Give the count of lines in the records below that contain "sensor", with no other words.

####################

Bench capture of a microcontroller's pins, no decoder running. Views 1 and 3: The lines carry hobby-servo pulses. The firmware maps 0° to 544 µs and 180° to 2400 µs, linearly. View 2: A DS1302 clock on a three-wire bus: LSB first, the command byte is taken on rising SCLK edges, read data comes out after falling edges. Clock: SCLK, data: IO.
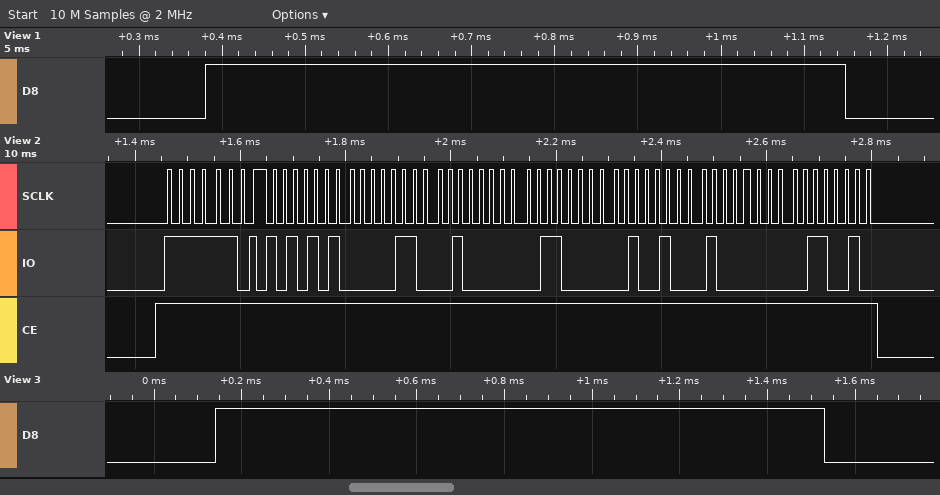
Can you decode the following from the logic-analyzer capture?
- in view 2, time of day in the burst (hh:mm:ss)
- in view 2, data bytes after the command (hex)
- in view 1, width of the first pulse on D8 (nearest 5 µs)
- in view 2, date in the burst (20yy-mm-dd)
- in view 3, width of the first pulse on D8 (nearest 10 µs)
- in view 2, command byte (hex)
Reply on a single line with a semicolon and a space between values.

02:30:55; 55 30 02 06 12 01 26; 770 µs; 2026-12-06; 1390 µs; 0xBF
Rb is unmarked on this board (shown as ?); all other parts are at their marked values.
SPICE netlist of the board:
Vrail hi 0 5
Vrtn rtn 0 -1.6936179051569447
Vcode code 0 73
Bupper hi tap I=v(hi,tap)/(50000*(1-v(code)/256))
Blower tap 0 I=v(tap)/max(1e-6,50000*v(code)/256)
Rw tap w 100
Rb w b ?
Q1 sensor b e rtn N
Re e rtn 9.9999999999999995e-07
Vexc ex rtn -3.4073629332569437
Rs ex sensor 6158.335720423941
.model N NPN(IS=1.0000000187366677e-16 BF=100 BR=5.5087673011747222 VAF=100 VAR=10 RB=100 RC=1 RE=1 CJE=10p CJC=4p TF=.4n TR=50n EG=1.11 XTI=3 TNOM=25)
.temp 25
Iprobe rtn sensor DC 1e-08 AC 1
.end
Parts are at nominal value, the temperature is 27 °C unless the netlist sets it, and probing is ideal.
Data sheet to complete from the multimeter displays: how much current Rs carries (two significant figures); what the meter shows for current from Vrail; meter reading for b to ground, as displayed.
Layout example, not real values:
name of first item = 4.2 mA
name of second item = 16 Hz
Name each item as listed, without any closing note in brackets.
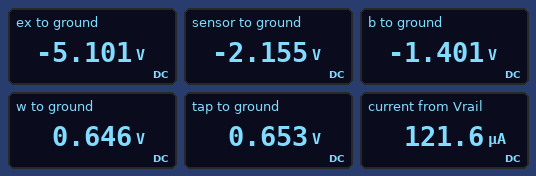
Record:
how much current Rs carries = 480 µA
what the meter shows for current from Vrail = 121.6 µA
meter reading for b to ground, as displayed = -1.401 V
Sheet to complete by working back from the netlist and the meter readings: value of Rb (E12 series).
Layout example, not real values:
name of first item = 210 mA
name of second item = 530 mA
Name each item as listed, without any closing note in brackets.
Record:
value of Rb = 27 kΩ
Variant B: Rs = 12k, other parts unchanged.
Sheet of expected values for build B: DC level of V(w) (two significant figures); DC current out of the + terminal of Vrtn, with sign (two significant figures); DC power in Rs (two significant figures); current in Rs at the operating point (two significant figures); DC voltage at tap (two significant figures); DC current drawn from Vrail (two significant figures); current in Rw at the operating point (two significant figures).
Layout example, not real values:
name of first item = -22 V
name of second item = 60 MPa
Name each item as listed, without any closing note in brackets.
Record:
DC level of V(w) = 760 mV
DC current out of the + terminal of Vrtn, with sign = -64 µA
DC power in Rs = 950 µW
current in Rs at the operating point = 280 µA
DC voltage at tap = 770 mV
DC current drawn from Vrail = 120 µA
current in Rw at the operating point = 64 µA
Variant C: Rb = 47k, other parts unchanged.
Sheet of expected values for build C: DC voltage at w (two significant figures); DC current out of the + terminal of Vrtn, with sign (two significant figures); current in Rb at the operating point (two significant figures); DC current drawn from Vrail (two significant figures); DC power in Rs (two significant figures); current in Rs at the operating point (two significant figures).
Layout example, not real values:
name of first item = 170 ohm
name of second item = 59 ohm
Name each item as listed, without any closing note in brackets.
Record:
DC voltage at w = 820 mV
DC current out of the + terminal of Vrtn, with sign = -59 µA
current in Rb at the operating point = 59 µA
DC current drawn from Vrail = 120 µA
DC power in Rs = 940 µW
current in Rs at the operating point = 390 µA
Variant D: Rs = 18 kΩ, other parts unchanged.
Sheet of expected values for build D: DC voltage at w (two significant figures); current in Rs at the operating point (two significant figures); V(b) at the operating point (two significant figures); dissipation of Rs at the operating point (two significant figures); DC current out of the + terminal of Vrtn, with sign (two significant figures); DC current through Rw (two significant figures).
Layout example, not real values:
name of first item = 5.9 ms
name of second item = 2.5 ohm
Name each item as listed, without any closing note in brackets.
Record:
DC voltage at w = 770 mV
current in Rs at the operating point = 190 µA
V(b) at the operating point = -960 mV
dissipation of Rs at the operating point = 640 µW
DC current out of the + terminal of Vrtn, with sign = -64 µA
DC current through Rw = 64 µA
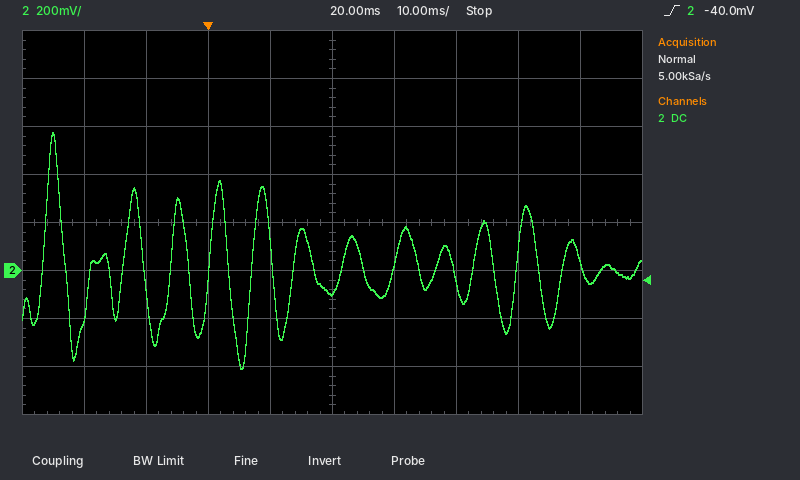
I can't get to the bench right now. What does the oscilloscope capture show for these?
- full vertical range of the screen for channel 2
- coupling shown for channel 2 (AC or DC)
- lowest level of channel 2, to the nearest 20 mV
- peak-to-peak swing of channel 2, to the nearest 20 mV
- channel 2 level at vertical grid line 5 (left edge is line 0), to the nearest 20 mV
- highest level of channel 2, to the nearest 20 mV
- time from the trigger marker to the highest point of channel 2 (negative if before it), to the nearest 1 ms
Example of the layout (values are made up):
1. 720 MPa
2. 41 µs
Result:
1. 1.6 V
2. DC
3. -400 mV
4. 980 mV
5. -100 mV
6. 580 mV
7. -25 ms
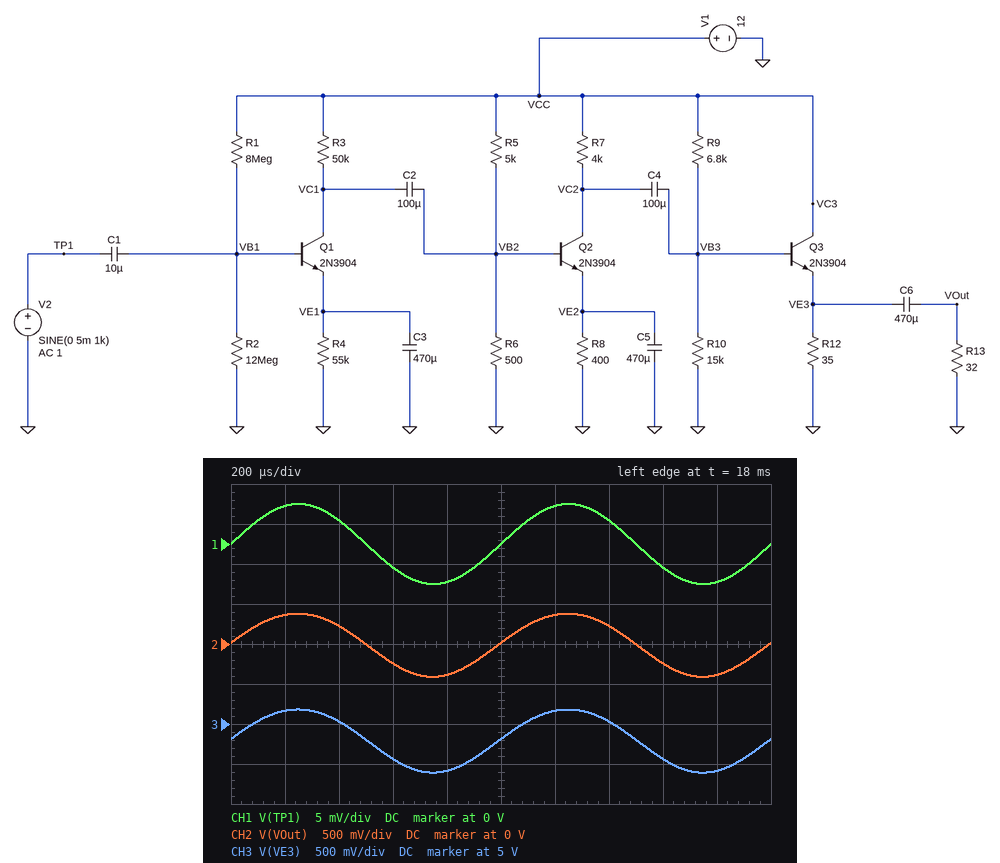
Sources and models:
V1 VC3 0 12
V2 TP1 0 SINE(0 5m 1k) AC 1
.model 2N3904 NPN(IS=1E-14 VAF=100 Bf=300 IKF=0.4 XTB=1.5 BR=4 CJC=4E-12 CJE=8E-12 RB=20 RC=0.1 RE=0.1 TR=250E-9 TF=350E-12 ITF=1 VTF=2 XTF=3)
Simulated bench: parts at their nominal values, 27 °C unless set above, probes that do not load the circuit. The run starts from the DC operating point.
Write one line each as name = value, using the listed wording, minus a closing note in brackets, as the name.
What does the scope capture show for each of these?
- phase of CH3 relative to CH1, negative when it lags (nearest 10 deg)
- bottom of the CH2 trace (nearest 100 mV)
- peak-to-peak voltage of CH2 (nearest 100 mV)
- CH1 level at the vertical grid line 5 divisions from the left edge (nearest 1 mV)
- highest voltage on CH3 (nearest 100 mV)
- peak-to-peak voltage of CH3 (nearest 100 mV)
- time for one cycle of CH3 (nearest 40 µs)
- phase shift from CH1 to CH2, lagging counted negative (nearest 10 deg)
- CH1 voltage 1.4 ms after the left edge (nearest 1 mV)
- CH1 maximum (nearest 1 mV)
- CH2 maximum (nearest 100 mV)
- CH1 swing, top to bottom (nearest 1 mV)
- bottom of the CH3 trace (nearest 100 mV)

phase of CH3 relative to CH1, negative when it lags = 0 deg
bottom of the CH2 trace = -400 mV
peak-to-peak voltage of CH2 = 800 mV
CH1 level at the vertical grid line 5 divisions from the left edge = 0 V
highest voltage on CH3 = 5.2 V
peak-to-peak voltage of CH3 = 800 mV
time for one cycle of CH3 = 1.00 ms
phase shift from CH1 to CH2, lagging counted negative = 0 deg
CH1 voltage 1.4 ms after the left edge = 3 mV
CH1 maximum = 5 mV
CH2 maximum = 400 mV
CH1 swing, top to bottom = 10 mV
bottom of the CH3 trace = 4.4 V
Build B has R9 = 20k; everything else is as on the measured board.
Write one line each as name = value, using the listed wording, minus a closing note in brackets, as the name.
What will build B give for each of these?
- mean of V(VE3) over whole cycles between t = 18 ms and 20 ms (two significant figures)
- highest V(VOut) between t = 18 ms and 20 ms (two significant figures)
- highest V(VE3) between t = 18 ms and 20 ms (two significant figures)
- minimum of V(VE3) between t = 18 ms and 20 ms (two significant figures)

mean of V(VE3) over whole cycles between t = 18 ms and 20 ms = 2.3 V
highest V(VOut) between t = 18 ms and 20 ms = 480 mV
highest V(VE3) between t = 18 ms and 20 ms = 2.8 V
minimum of V(VE3) between t = 18 ms and 20 ms = 1.8 V
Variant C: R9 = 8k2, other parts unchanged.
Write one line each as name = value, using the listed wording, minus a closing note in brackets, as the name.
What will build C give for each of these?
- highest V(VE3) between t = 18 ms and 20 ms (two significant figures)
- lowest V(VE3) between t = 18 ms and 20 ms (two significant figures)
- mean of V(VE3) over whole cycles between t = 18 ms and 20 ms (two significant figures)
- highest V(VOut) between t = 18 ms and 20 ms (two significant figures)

highest V(VE3) between t = 18 ms and 20 ms = 4.7 V
lowest V(VE3) between t = 18 ms and 20 ms = 3.9 V
mean of V(VE3) over whole cycles between t = 18 ms and 20 ms = 4.3 V
highest V(VOut) between t = 18 ms and 20 ms = 400 mV
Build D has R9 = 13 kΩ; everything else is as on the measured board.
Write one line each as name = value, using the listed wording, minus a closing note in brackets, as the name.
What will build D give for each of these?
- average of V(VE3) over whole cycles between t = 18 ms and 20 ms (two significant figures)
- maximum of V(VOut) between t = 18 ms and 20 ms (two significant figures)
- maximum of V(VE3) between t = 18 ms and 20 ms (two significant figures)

average of V(VE3) over whole cycles between t = 18 ms and 20 ms = 3.2 V
maximum of V(VOut) between t = 18 ms and 20 ms = 440 mV
maximum of V(VE3) between t = 18 ms and 20 ms = 3.7 V

####################

» Written answer:
3